_WHAT YOU ARE ASKED TO DO:_
Set down, exactly and in full, the line holding "Repeat for the car from (0, 608)" and all the lines after it until the listing ends, and nothing else.

_EXTRACTED DATA:_
-------

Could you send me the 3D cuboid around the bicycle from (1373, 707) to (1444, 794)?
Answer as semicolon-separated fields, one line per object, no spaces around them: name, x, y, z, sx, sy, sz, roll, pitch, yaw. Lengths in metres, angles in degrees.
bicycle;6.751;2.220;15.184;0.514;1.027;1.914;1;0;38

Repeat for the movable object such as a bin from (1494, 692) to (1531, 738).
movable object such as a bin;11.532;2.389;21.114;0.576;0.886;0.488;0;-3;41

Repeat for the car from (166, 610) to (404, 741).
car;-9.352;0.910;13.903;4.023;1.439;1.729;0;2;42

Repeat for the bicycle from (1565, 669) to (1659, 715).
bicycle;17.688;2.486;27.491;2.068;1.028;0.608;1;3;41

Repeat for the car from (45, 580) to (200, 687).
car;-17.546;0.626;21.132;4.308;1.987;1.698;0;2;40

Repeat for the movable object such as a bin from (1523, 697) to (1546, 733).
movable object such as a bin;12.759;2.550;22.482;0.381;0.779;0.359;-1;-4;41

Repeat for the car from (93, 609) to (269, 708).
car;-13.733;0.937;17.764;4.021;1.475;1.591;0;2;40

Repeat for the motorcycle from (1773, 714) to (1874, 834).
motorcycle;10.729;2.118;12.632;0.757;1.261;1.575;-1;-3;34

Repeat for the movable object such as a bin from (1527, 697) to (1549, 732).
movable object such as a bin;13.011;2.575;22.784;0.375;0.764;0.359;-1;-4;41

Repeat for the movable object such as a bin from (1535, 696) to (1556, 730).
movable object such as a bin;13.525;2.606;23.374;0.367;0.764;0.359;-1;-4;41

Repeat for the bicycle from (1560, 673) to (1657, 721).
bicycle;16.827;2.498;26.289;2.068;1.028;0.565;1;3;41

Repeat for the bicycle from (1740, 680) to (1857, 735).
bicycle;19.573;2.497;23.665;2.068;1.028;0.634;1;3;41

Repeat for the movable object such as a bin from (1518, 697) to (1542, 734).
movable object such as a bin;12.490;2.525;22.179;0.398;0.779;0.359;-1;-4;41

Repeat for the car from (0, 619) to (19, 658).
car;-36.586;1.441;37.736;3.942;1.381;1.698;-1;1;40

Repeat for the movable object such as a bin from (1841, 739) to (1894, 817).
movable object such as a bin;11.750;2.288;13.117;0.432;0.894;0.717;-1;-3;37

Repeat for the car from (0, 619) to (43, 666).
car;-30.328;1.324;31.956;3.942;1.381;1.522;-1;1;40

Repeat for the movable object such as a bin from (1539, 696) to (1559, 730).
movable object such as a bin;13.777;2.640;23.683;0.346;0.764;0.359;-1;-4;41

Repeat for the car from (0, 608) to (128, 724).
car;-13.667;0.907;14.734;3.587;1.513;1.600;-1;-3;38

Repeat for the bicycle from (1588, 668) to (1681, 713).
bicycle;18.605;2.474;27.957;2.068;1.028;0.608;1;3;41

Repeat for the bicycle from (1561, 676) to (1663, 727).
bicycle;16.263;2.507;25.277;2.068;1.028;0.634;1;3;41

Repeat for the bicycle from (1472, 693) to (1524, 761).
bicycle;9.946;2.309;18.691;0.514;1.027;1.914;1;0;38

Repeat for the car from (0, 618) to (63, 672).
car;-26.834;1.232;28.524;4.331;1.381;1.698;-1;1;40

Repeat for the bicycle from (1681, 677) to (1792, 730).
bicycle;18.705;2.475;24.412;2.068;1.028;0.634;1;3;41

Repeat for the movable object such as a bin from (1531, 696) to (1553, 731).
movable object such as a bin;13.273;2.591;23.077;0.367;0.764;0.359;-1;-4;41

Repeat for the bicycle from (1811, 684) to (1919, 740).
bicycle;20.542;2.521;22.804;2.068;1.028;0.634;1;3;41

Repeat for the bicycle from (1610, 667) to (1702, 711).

-------

_EXERCISE RESPONSE:_
Repeat for the car from (0, 608) to (128, 724).
car;-13.667;0.907;14.734;3.587;1.513;1.600;-1;-3;38

Repeat for the bicycle from (1588, 668) to (1681, 713).
bicycle;18.605;2.474;27.957;2.068;1.028;0.608;1;3;41

Repeat for the bicycle from (1561, 676) to (1663, 727).
bicycle;16.263;2.507;25.277;2.068;1.028;0.634;1;3;41

Repeat for the bicycle from (1472, 693) to (1524, 761).
bicycle;9.946;2.309;18.691;0.514;1.027;1.914;1;0;38

Repeat for the car from (0, 618) to (63, 672).
car;-26.834;1.232;28.524;4.331;1.381;1.698;-1;1;40

Repeat for the bicycle from (1681, 677) to (1792, 730).
bicycle;18.705;2.475;24.412;2.068;1.028;0.634;1;3;41

Repeat for the movable object such as a bin from (1531, 696) to (1553, 731).
movable object such as a bin;13.273;2.591;23.077;0.367;0.764;0.359;-1;-4;41

Repeat for the bicycle from (1811, 684) to (1919, 740).
bicycle;20.542;2.521;22.804;2.068;1.028;0.634;1;3;41

Repeat for the bicycle from (1610, 667) to (1702, 711).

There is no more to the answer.